Millwood, Braves Scalp Expos
Kevin Millwood has as many wins as any pitcher in the major leagues. Still, he hasn't lost sight of his role in the Atlanta Braves rotation.
Yes, he's still the fifth starter.
"When I look at the other guys, I see (three) Cy Young winners and Denny Neagle, who won 20 games last year," Millwood said after pitching a four-hitter Sunday for a 5-1 victory over the Montreal Expos. "I've not done half the things those other guys have done."
Millwood (9-2) is catching up fast. He joined teammates Tom Glavine Greg Maddux as the NL's top winners, and no one in the AL has more than nine wins, either.
With his second complete game, Millwood also helped Bobby Cox equal Frank Selee as the winningest manager in Braves history.
"I'm still the fifth starter, but that doesn't mean I can't be a winner," Millwood said.
Cox has done plenty of winning during his two stints as the Braves manager, improving to 1,004-819. His overall mark is 1,359-1,111, making him the 22nd winningest manager in baseball history.
Selee won 1,004 games from 1890-1901 when the Braves were in their original city, Boston. His teams won five NL pennants, one more than Cox has achieved during the Braves' run of success in the 1990s.
"I don't know much about that guy," Cox said of Selee. "But it's great to be leading something. I'll take it."
Millwood overcame a third-inning homer by his Montreal counterpart, Carlos Perez, retiring the next 12 hitters. Millwood had seven strikeouts and just one walk -- to the first hitter of the game -- as 77 of his 113 pitches were strikes.
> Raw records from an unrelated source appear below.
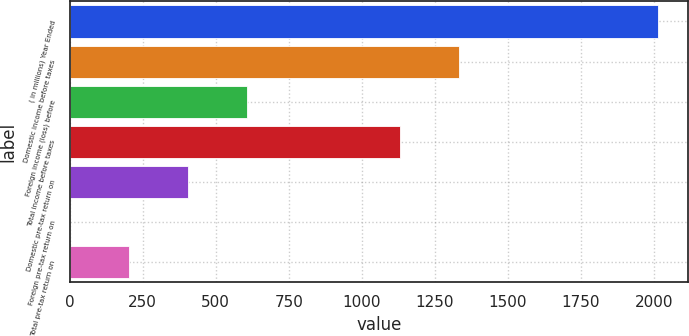<chart> <loc_0><loc_0><loc_500><loc_500><bar_chart><fcel>( in millions) Year Ended<fcel>Domestic income before taxes<fcel>Foreign income (loss) before<fcel>Total income before taxes<fcel>Domestic pre-tax return on<fcel>Foreign pre-tax return on<fcel>Total pre-tax return on<nl><fcel>2016<fcel>1331.92<fcel>605.36<fcel>1130.4<fcel>403.84<fcel>0.8<fcel>202.32<nl></chart> 
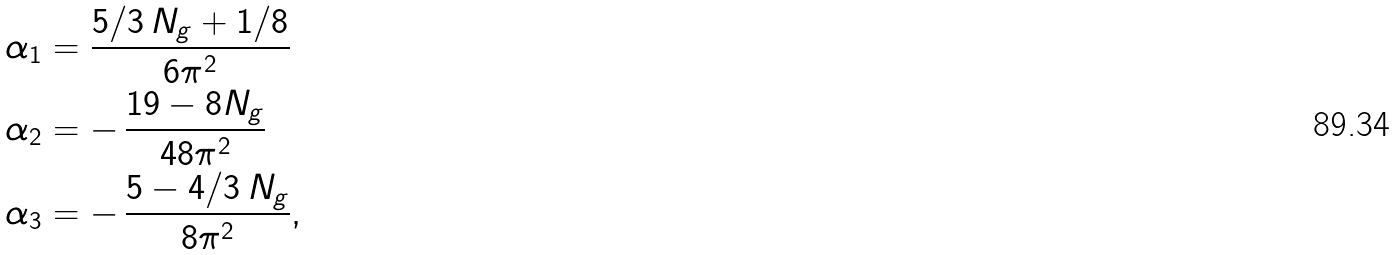Convert formula to latex. <formula><loc_0><loc_0><loc_500><loc_500>\alpha _ { 1 } & = \frac { 5 / 3 \, N _ { g } + 1 / 8 } { 6 \pi ^ { 2 } } \\ \alpha _ { 2 } & = - \, \frac { 1 9 - 8 N _ { g } } { 4 8 \pi ^ { 2 } } \\ \alpha _ { 3 } & = - \, \frac { 5 - 4 / 3 \, N _ { g } } { 8 \pi ^ { 2 } } ,</formula> 
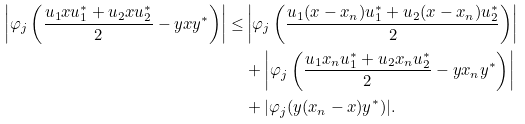Convert formula to latex. <formula><loc_0><loc_0><loc_500><loc_500>\left | \varphi _ { j } \left ( \frac { u _ { 1 } x u _ { 1 } ^ { * } + u _ { 2 } x u _ { 2 } ^ { * } } { 2 } - y x y ^ { * } \right ) \right | \leq & \left | \varphi _ { j } \left ( \frac { u _ { 1 } ( x - x _ { n } ) u _ { 1 } ^ { * } + u _ { 2 } ( x - x _ { n } ) u _ { 2 } ^ { * } } { 2 } \right ) \right | \\ & + \left | \varphi _ { j } \left ( \frac { u _ { 1 } x _ { n } u _ { 1 } ^ { * } + u _ { 2 } x _ { n } u _ { 2 } ^ { * } } { 2 } - y x _ { n } y ^ { * } \right ) \right | \\ & + | \varphi _ { j } ( y ( x _ { n } - x ) y ^ { * } ) | .</formula> 
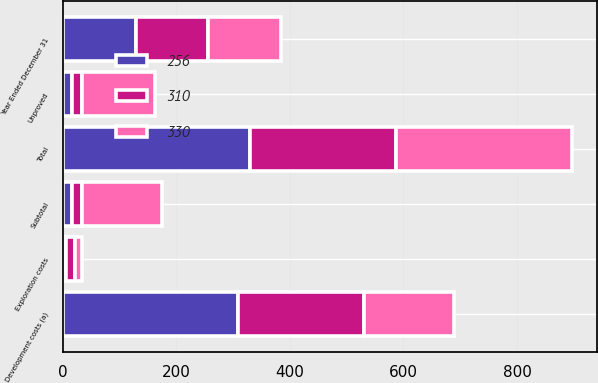Convert chart. <chart><loc_0><loc_0><loc_500><loc_500><stacked_bar_chart><ecel><fcel>Year Ended December 31<fcel>Unproved<fcel>Subtotal<fcel>Exploration costs<fcel>Development costs (a)<fcel>Total<nl><fcel>310<fcel>128<fcel>18<fcel>18<fcel>16<fcel>222<fcel>256<nl><fcel>256<fcel>128<fcel>16<fcel>16<fcel>6<fcel>308<fcel>330<nl><fcel>330<fcel>128<fcel>128<fcel>140<fcel>11<fcel>159<fcel>310<nl></chart> 
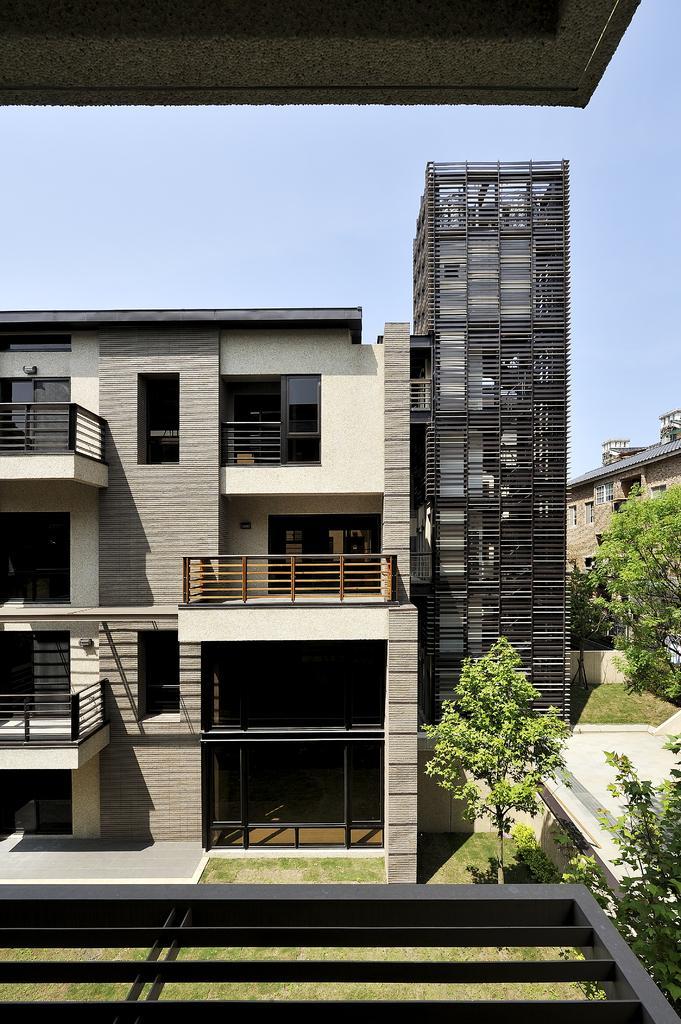How would you summarize this image in a sentence or two? In this image there is a building in the middle. Beside the building there is another tall building. At the bottom there are trees on the ground. At the top there is sky. 
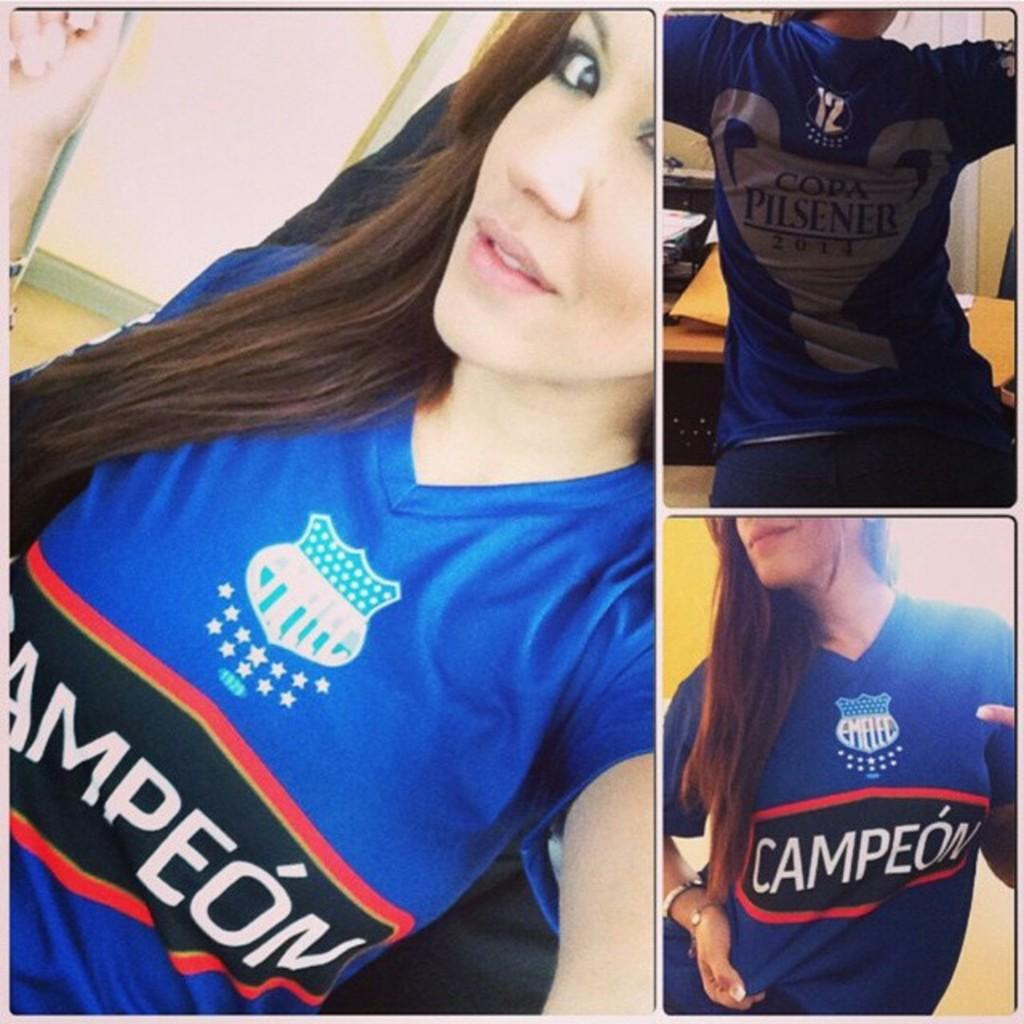<image>
Describe the image concisely. A lady wearing a Campeon #12 jersey poses in a collage of pictures.

"I was a little tired in the eighth inning, but I battled through it," he said. "I told Bobby I wanted to be out there in the ninth inning, and he showed confidence in me."
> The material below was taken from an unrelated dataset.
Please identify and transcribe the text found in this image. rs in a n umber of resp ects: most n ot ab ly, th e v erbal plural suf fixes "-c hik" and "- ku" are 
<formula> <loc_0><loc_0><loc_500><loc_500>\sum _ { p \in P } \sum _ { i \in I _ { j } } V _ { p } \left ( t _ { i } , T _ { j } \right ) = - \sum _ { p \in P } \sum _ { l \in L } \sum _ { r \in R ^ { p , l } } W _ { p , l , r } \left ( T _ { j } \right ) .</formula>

Millwood has gotten ample support from his teammates, who have averaged 6.2 runs in his 13 starts.
"If I didn't have the defense and hitting I've been getting, I wouldn't be 9-2. I wouldn't be close to 9-2," he said. "The whole team is 9-2 with me."
Perez (6-5) hit his third career homer, but Atlanta bounced back immediately in the bottom of the third, scoring three runs with two outs.
Gerald Williams, making a rare start, had an RBI single and Tony Graffanino followed with a run-scoring triple on the first of three plays in which Montreal outfielders made futile attempts for fly balls.
Rondell White plopped to the ground short of Graffanino's liner, which skipped pst the center fielder while Williams scored all the way from first. Graffanino came home when Chipper Jones blooped a single to right, the ball eluding the dive of Vladimir Guerrero.
In the fourth, the braves scored two more runs on Ozzie Guillen's triple, a low liner that skidded under Guerrero's glove while Javy Lopez and Danny Bautista came around to score.
"I don't like the way they hit stupid bloopers with two outs," said Perez, who went seven innings, surrendering nine hits and all five runs. "I didn't see anyone hit the ball hard ... (just) those stupid bloopers with two outs."
Perez and Brad Fullmer, who had two of the four hits, were about the only Montreal players to have any success against Millwood on a sweltering day with temperatures hovering at 90 degrees.
"He is a good pitcher," Perez said. "I give him credit, going nine innings in that kind of weather. He has very good stuff."